Homework 3
CS522, Fall 2007
Due: Wednesday, November 14
Please upload your files to CSNS.
The files should include all the source code, documentation (optional),
and a text file hw3.txt,
which contains detailed instructions on how to compile and run your
program on the CS3 server. Note that file
uploading will be disabled automatically after 11:59PM
of the due date, so please turn in your work on time.
[Readings]
- Read Chapter 2.6.1, 5.4, 8.3.1, 8.3.2 (up to GSP), 6.1-6.3
of the textbook.
[Decision Tree Induction] (90pt)
For this assignment, you are going to implement a decision
tree classifier as described in Chapter 6.3 of the textbook. You may
use any programming language
of your choice, as long
as your program can be compiled and run on CS3.
Use the Forest
CoverType dataset to test your classifier as
follows (I'm
going to use Java for examples, but as stated earlier, you may use
other programming languages):
java
DecisionTreeClassifier
<TrainingSet>
<TestSet> <ResultSet>
- TrainingSet
is the name of a text file that contains the records for training the
classifier. In the case of the Forest CoverType dataset, the training
set should include half of the records in the dataset. Note that each
record occupies one line in the data file, the attributes of each
record are separated by comma, and the last attribute is the class
label.
- TestSet
contains the other half of the records in the Forest CoverType dataset,
and the file is of the same format as the training set. Note that the
class labels of the records are included in the test set so you can
calculate the success rate of your classifier, but you may not use
these class labels for any other purpose.
- ResultSet
should be the same as the test set except that the class labels are replaced by the ones predicted by your classifier.

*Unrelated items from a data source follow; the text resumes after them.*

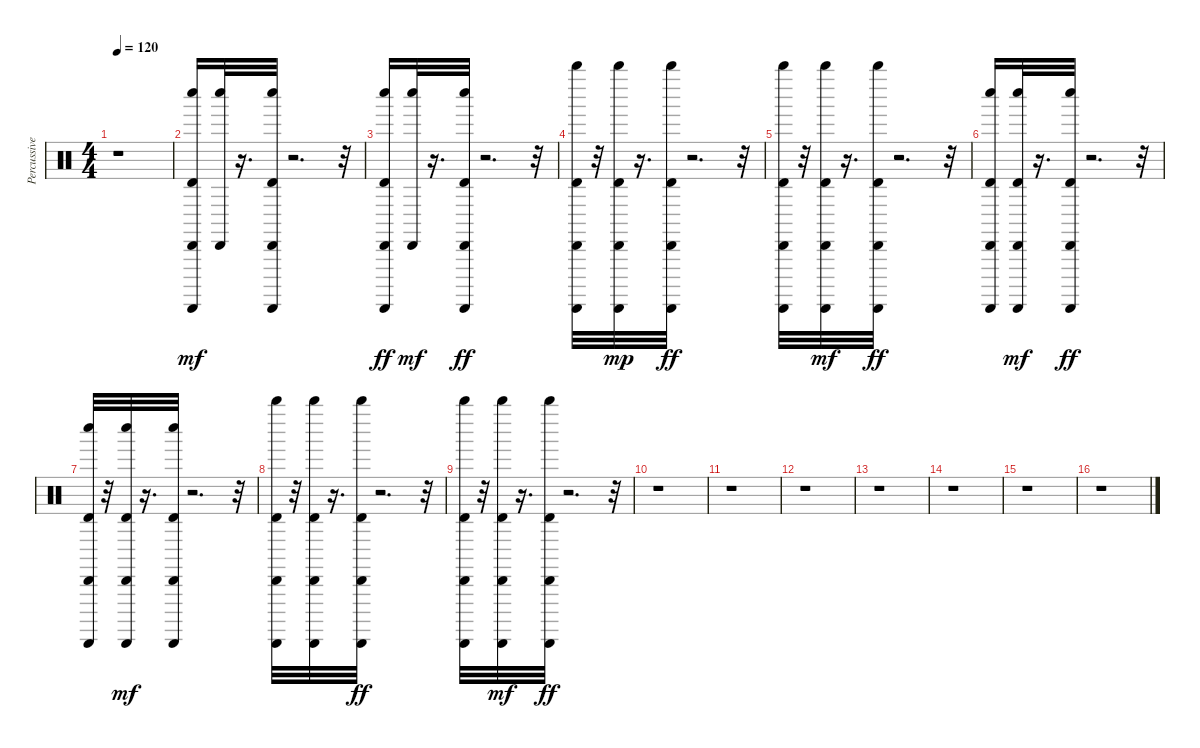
\track ("Percussive Organ" "Percussive") {instrument percussion}
\staff {score}
\articulation defaults
\ts (4 4)
\tempo 120
\clef neutral
\ks c
r.1{dy ff} |
("Whistle low (hit)" "Timbale high (hit)" "Guiro (scrap-return)" "Cabasa (hit)").16{dy mf} ("Whistle low (hit)" "Cabasa (hit)").32 r.16{d} ("Whistle low (hit)" "Guiro (scrap-return)" "Cabasa (hit)" "Timbale high (hit)").32 r.2{d} r.32 |
("Whistle low (hit)" "Cabasa (hit)" "Timbale high (hit)" "Guiro (scrap-return)").16{dy ff} ("Whistle low (hit)" "Cabasa (hit)").32{dy mf} r.16{d} ("Cabasa (hit)" "Whistle low (hit)" "Timbale high (hit)" "Guiro (scrap-return)").32{dy ff} r.2{d} r.32 |
("Whistle high (hit)" "Cabasa (hit)" "Timbale high (hit)" "Guiro (scrap-return)").32 r.32 ("Whistle high (hit)" "Cabasa (hit)" "Guiro (scrap-return)" "Timbale high (hit)").32{dy mp} r.16{d} ("Whistle high (hit)" "Cabasa (hit)" "Guiro (scrap-return)" "Timbale high (hit)").32{dy ff} r.2{d} r.32 |
("Whistle high (hit)" "Cabasa (hit)" "Timbale high (hit)" "Guiro (scrap-return)").32 r.32 ("Guiro (scrap-return)" "Timbale high (hit)" "Whistle high (hit)" "Cabasa (hit)").32{dy mf} r.16{d} ("Cabasa (hit)" "Whistle high (hit)" "Timbale high (hit)" "Guiro (scrap-return)").32{dy ff} r.2{d} r.32 |
("Timbale high (hit)" "Whistle low (hit)" "Cabasa (hit)" "Guiro (scrap-return)").16 ("Cabasa (hit)" "Whistle low (hit)" "Guiro (scrap-return)" "Timbale high (hit)").32{dy mf} r.16{d} ("Whistle low (hit)" "Timbale high (hit)" "Cabasa (hit)" "Guiro (scrap-return)").32{dy ff} r.2{d} r.32 |
("Whistle low (hit)" "Cabasa (hit)" "Timbale high (hit)" "Guiro (scrap-return)").32 r.32 ("Guiro (scrap-return)" "Timbale high (hit)" "Whistle low (hit)" "Cabasa (hit)").32{dy mf} r.16{d} ("Whistle low (hit)" "Cabasa (hit)" "Timbale high (hit)" "Guiro (scrap-return)").32 r.2{d} r.32 |
("Cabasa (hit)" "Whistle high (hit)" "Timbale high (hit)" "Guiro (scrap-return)").32 r.32 ("Guiro (scrap-return)" "Timbale high (hit)" "Whistle high (hit)" "Cabasa (hit)").32 r.16{d} ("Whistle high (hit)" "Cabasa (hit)" "Timbale high (hit)" "Guiro (scrap-return)").32{dy ff} r.2{d} r.32 |
("Whistle high (hit)" "Cabasa (hit)" "Timbale high (hit)" "Guiro (scrap-return)").32 r.32 ("Guiro (scrap-return)" "Timbale high (hit)" "Cabasa (hit)" "Whistle high (hit)").32{dy mf} r.16{d} ("Timbale high (hit)" "Cabasa (hit)" "Whistle high (hit)" "Guiro (scrap-return)").32{dy ff} r.2{d} r.32 |
r.1 |
r.1 |
r.1 |
r.1 |
r.1 |
r.1 |
r.1
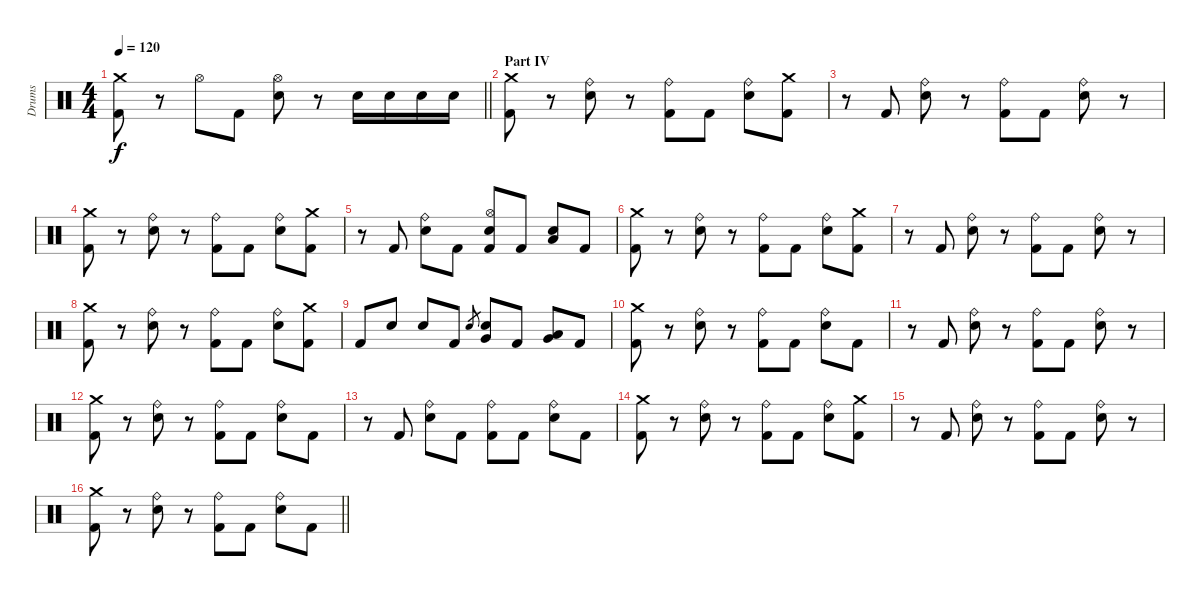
\track ("Drums" "Drums") {instrument percussion}
\staff {score}
\articulation defaults
\ts (4 4)
\tempo 120
\clef neutral
\barLineRight lightlight
\ks c
("Crash medium (hit)" "Kick (hit) 2").8{dy f} r.8 "Hi-Hat (open)".8 "Kick (hit) 2".8 ("Hi-Hat (open)" "Electric Snare (hit)").8 r.8 "Electric Snare (hit)".16 "Electric Snare (hit)".16 "Electric Snare (hit)".16 "Electric Snare (hit)".16 |
\section ("" "Part IV")
("Crash medium (hit)" "Kick (hit) 2").8 r.8 ("Ride (bell)" "Electric Snare (hit)").8 r.8 ("Ride (bell)" "Kick (hit) 2").8 "Kick (hit) 2".8 ("Ride (bell)" "Electric Snare (hit)").8 ("Crash medium (hit)" "Kick (hit) 2").8 |
r.8 "Kick (hit) 2".8 ("Ride (bell)" "Electric Snare (hit)").8 r.8 ("Ride (bell)" "Kick (hit) 2").8 "Kick (hit) 2".8 ("Ride (bell)" "Electric Snare (hit)").8 r.8 |
("Crash medium (hit)" "Kick (hit) 2").8 r.8 ("Ride (bell)" "Electric Snare (hit)").8 r.8 ("Ride (bell)" "Kick (hit) 2").8 "Kick (hit) 2".8 ("Ride (bell)" "Electric Snare (hit)").8 ("Crash medium (hit)" "Kick (hit) 2").8 |
r.8 "Kick (hit) 2".8 ("Ride (bell)" "Electric Snare (hit)").8 "Kick (hit) 2".8 ("Hi-Hat (open)" "Electric Snare (hit)" "Kick (hit) 2").8 "Kick (hit) 2".8 ("Electric Snare (hit)" "Low Floor Tom (hit)").8 "Kick (hit) 2".8 |
("Crash medium (hit)" "Kick (hit) 2").8 r.8 ("Ride (bell)" "Electric Snare (hit)").8 r.8 ("Ride (bell)" "Kick (hit) 2").8 "Kick (hit) 2".8 ("Ride (bell)" "Electric Snare (hit)").8 ("Crash medium (hit)" "Kick (hit) 2").8 |
r.8 "Kick (hit) 2".8 ("Ride (bell)" "Electric Snare (hit)").8 r.8 ("Ride (bell)" "Kick (hit) 2").8 "Kick (hit) 2".8 ("Ride (bell)" "Electric Snare (hit)").8 r.8 |
("Crash medium (hit)" "Kick (hit) 2").8 r.8 ("Ride (bell)" "Electric Snare (hit)").8 r.8 ("Ride (bell)" "Kick (hit) 2").8 "Kick (hit) 2".8 ("Ride (bell)" "Electric Snare (hit)").8 ("Crash medium (hit)" "Kick (hit) 2").8 |
"Kick (hit) 2".8 "Electric Snare (hit)".8 "Electric Snare (hit)".8 "Kick (hit) 2".8 "Electric Snare (hit)".8{gr} ("Electric Snare (hit)" "Very Low Tom (hit)").8 "Kick (hit) 2".8 ("Very Low Tom (hit)" "Low Floor Tom (hit)").8 "Kick (hit) 2".8 |
("Crash medium (hit)" "Kick (hit) 2").8 r.8 ("Ride (bell)" "Electric Snare (hit)").8 r.8 ("Ride (bell)" "Kick (hit) 2").8 "Kick (hit) 2".8 ("Ride (bell)" "Electric Snare (hit)").8 "Kick (hit) 2".8 |
r.8 "Kick (hit) 2".8 ("Ride (bell)" "Electric Snare (hit)").8 r.8 ("Ride (bell)" "Kick (hit) 2").8 "Kick (hit) 2".8 ("Ride (bell)" "Electric Snare (hit)").8 r.8 |
("Crash medium (hit)" "Kick (hit) 2").8 r.8 ("Ride (bell)" "Electric Snare (hit)").8 r.8 ("Ride (bell)" "Kick (hit) 2").8 "Kick (hit) 2".8 ("Ride (bell)" "Electric Snare (hit)").8 "Kick (hit) 2".8 |
r.8 "Kick (hit) 2".8 ("Ride (bell)" "Electric Snare (hit)").8 "Kick (hit) 2".8 ("Ride (bell)" "Kick (hit) 2").8 "Kick (hit) 2".8 ("Ride (bell)" "Electric Snare (hit)").8 "Kick (hit) 2".8 |
("Crash medium (hit)" "Kick (hit) 2").8 r.8 ("Ride (bell)" "Electric Snare (hit)").8 r.8 ("Ride (bell)" "Kick (hit) 2").8 "Kick (hit) 2".8 ("Ride (bell)" "Electric Snare (hit)").8 ("Crash medium (hit)" "Kick (hit) 2").8 |
r.8 "Kick (hit) 2".8 ("Ride (bell)" "Electric Snare (hit)").8 r.8 ("Ride (bell)" "Kick (hit) 2").8 "Kick (hit) 2".8 ("Ride (bell)" "Electric Snare (hit)").8 r.8 |
\barLineRight lightlight
("Crash medium (hit)" "Kick (hit) 2").8 r.8 ("Ride (bell)" "Electric Snare (hit)").8 r.8 ("Ride (bell)" "Kick (hit) 2").8 "Kick (hit) 2".8 ("Ride (bell)" "Electric Snare (hit)").8 "Kick (hit) 2".8
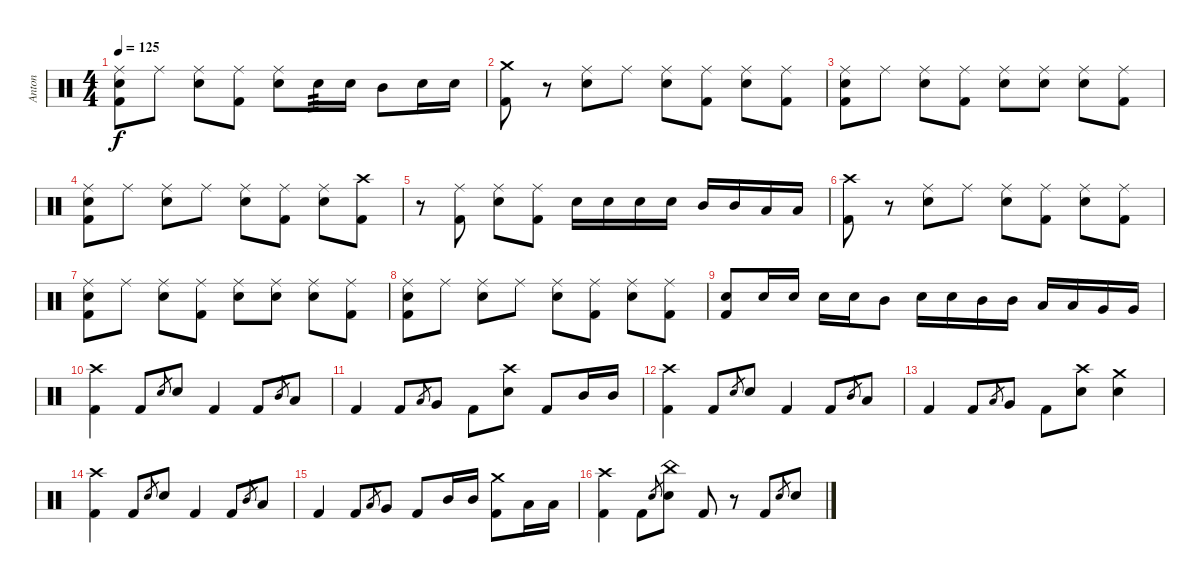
\track ("Anton" "Anton") {instrument percussion}
\staff {score}
\articulation defaults
\ts (4 4)
\tempo 125
\clef neutral
\ks c
("Kick (hit) 2" "Electric Snare (hit)" "Ride (middle)").8{dy f} "Ride (middle)".8 ("Electric Snare (hit)" "Ride (middle)").8 ("Kick (hit) 2" "Ride (middle)").8 ("Electric Snare (hit)" "Ride (middle)").8 "Electric Snare (hit)".16{tp 3} "Electric Snare (hit)".16 "Mid Tom (hit)".8 "Electric Snare (hit)".16 "Electric Snare (hit)".16 |
("Kick (hit) 2" "Crash medium (hit)").8 r.8 ("Electric Snare (hit)" "Ride (middle)").8 "Ride (middle)".8 ("Electric Snare (hit)" "Ride (middle)").8 ("Kick (hit) 2" "Ride (middle)").8 ("Electric Snare (hit)" "Ride (middle)").8 ("Kick (hit) 2" "Ride (middle)").8 |
("Kick (hit) 2" "Electric Snare (hit)" "Ride (middle)").8 "Ride (middle)".8 ("Electric Snare (hit)" "Ride (middle)").8 ("Kick (hit) 2" "Ride (middle)").8 ("Electric Snare (hit)" "Ride (middle)").8 ("Electric Snare (hit)" "Ride (middle)").8 ("Electric Snare (hit)" "Ride (middle)").8 ("Kick (hit) 2" "Ride (middle)").8 |
("Kick (hit) 2" "Electric Snare (hit)" "Ride (middle)").8 "Ride (middle)".8 ("Electric Snare (hit)" "Ride (middle)").8 "Ride (middle)".8 ("Electric Snare (hit)" "Ride (middle)").8 ("Kick (hit) 2" "Ride (middle)").8 ("Electric Snare (hit)" "Ride (middle)").8 ("Kick (hit) 2" "Crash high (hit)").8 |
r.8 ("Kick (hit) 2" "Ride (middle)").8 ("Electric Snare (hit)" "Ride (middle)").8 ("Kick (hit) 2" "Ride (middle)").8 "Electric Snare (hit)".16 "Electric Snare (hit)".16 "Electric Snare (hit)".16 "Electric Snare (hit)".16 "Mid Tom (hit)".16 "Mid Tom (hit)".16 "Low Tom (hit)".16 "Low Tom (hit)".16 |
("Kick (hit) 2" "Crash high (hit)").8 r.8 ("Electric Snare (hit)" "Ride (middle)").8 "Ride (middle)".8 ("Electric Snare (hit)" "Ride (middle)").8 ("Kick (hit) 2" "Ride (middle)").8 ("Electric Snare (hit)" "Ride (middle)").8 ("Kick (hit) 2" "Ride (middle)").8 |
("Kick (hit) 2" "Electric Snare (hit)" "Ride (middle)").8 "Ride (middle)".8 ("Electric Snare (hit)" "Ride (middle)").8 ("Kick (hit) 2" "Ride (middle)").8 ("Electric Snare (hit)" "Ride (middle)").8 ("Electric Snare (hit)" "Ride (middle)").8 ("Electric Snare (hit)" "Ride (middle)").8 ("Kick (hit) 2" "Ride (middle)").8 |
("Kick (hit) 2" "Electric Snare (hit)" "Ride (middle)").8 "Ride (middle)".8 ("Electric Snare (hit)" "Ride (middle)").8 "Ride (middle)".8 ("Electric Snare (hit)" "Ride (middle)").8 ("Kick (hit) 2" "Ride (middle)").8 ("Electric Snare (hit)" "Ride (middle)").8 ("Kick (hit) 2" "Ride (middle)").8 |
("Kick (hit) 2" "Electric Snare (hit)").8 "Electric Snare (hit)".16 "Electric Snare (hit)".16 "Electric Snare (hit)".16 "Electric Snare (hit)".16 "Mid Tom (hit)".8 "Electric Snare (hit)".16 "Electric Snare (hit)".16 "Mid Tom (hit)".16 "Mid Tom (hit)".16 "Low Tom (hit)".16 "Low Tom (hit)".16 "Very Low Tom (hit)".16 "Very Low Tom (hit)".16 |
("Kick (hit) 2" "Crash high (hit)").4 "Kick (hit) 2".8 "Electric Snare (hit)".8{gr} "Electric Snare (hit)".8 "Kick (hit) 2".4 "Kick (hit) 2".8 "Mid Tom (hit)".8{gr} "Low Tom (hit)".8 |
"Kick (hit) 2".4 "Kick (hit) 2".8 "Low Tom (hit)".8{gr} "Very Low Tom (hit)".8 "Kick (hit) 2".8 ("Electric Snare (hit)" "Crash high (hit)").8 "Kick (hit) 2".8 "Mid Tom (hit)".16 "Mid Tom (hit)".16 |
("Kick (hit) 2" "Crash high (hit)").4 "Kick (hit) 2".8 "Electric Snare (hit)".8{gr} "Electric Snare (hit)".8 "Kick (hit) 2".4 "Kick (hit) 2".8 "Mid Tom (hit)".8{gr} "Low Tom (hit)".8 |
"Kick (hit) 2".4 "Kick (hit) 2".8 "Low Tom (hit)".8{gr} "Very Low Tom (hit)".8 "Kick (hit) 2".8 ("Electric Snare (hit)" "Crash high (hit)").8 ("Electric Snare (hit)" "Crash medium (hit)").4 |
("Kick (hit) 2" "Crash high (hit)").4 "Kick (hit) 2".8 "Electric Snare (hit)".8{gr} "Electric Snare (hit)".8 "Kick (hit) 2".4 "Kick (hit) 2".8 "Mid Tom (hit)".8{gr} "Low Tom (hit)".8 |
"Kick (hit) 2".4 "Kick (hit) 2".8 "Low Tom (hit)".8{gr} "Very Low Tom (hit)".8 "Kick (hit) 2".8 "Mid Tom (hit)".16 "Mid Tom (hit)".16 ("Kick (hit) 2" "Crash medium (hit)").8 "Low Tom (hit)".16 "Low Tom (hit)".16 |
("Kick (hit) 2" "Crash high (hit)").4 "Kick (hit) 2".8 "Electric Snare (hit)".8{gr} ("Electric Snare (hit)" "China (hit)").8 "Kick (hit) 2".8 r.8 "Kick (hit) 2".8 "Electric Snare (hit)".8{gr} "Electric Snare (hit)".8
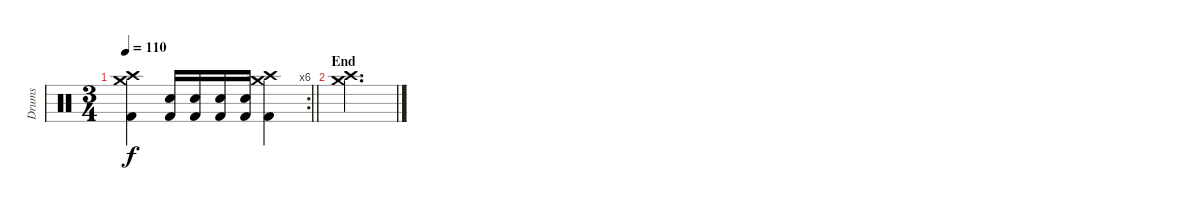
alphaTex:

\track ("Drums" "Drums") {instrument percussion}
\staff {score}
\articulation defaults
\rc 6
\ts (3 4)
\tempo 110
\clef neutral
\barLineRight lightlight
\ks c
("Crash high (hit)" "Crash medium (hit)" "Kick (hit) 2").4{dy f} ("Electric Snare (hit)" "Kick (hit) 2").16 ("Electric Snare (hit)" "Kick (hit) 2").16 ("Electric Snare (hit)" "Kick (hit) 2").16 ("Electric Snare (hit)" "Kick (hit) 2").16 ("Crash high (hit)" "Crash medium (hit)" "Kick (hit) 2").4 |
\section ("" "End")
("Crash high (hit)" "Crash medium (hit)").2{d}

Your classifier should also output to the console the percentage of the correctly classified records, e.g. 50%. Please do not output any debugging information in the submitted version.
Note that
- Use of existing classification code found online or from other sources will be considered
cheating.
- The top five most accurate classifiers will receive up to 20%
extra credit, and the five most inaccurate classifiers will receive up
to 20%
penalty.
[Extra Credit] (5pt)
Given n distinct items, how many sequences with n events are there? Please give your answer and explain your reasoning in hw3.txt.